TASK:
Repeat exactly, and only, the lines of the entries below from the one with "Click on the text block that says" through the one with "Task: Locate the", both ends included.

Recorded data:
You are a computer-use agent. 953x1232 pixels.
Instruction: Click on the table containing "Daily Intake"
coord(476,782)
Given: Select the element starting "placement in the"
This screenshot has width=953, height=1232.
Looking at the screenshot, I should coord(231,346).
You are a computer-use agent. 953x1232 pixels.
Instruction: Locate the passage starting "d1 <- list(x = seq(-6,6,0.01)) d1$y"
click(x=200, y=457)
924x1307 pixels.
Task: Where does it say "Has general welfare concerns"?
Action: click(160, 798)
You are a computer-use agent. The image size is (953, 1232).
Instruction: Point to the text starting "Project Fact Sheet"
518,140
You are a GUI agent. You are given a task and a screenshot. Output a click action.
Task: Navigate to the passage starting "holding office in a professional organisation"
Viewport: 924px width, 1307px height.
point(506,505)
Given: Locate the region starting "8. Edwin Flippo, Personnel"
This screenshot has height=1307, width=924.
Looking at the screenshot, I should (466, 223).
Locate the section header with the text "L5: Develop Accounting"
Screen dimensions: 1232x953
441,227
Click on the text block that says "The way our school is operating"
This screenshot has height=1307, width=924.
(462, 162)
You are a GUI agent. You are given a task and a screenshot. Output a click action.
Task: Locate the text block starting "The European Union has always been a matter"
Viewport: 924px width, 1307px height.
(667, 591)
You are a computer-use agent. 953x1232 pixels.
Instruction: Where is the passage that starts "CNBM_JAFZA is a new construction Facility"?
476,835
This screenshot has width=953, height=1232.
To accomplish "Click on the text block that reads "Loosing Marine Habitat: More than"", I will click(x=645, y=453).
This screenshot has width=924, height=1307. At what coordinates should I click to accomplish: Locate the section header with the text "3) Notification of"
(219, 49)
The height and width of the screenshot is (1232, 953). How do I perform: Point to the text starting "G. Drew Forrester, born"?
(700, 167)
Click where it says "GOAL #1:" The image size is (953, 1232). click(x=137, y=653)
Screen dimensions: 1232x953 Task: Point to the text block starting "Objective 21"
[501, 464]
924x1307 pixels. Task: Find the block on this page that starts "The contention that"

RESPONSE TO THIS TASK:
Click on the text block that says "The way our school is operating"
This screenshot has height=1307, width=924.
(462, 162)
You are a GUI agent. You are given a task and a screenshot. Output a click action.
Task: Locate the text block starting "The European Union has always been a matter"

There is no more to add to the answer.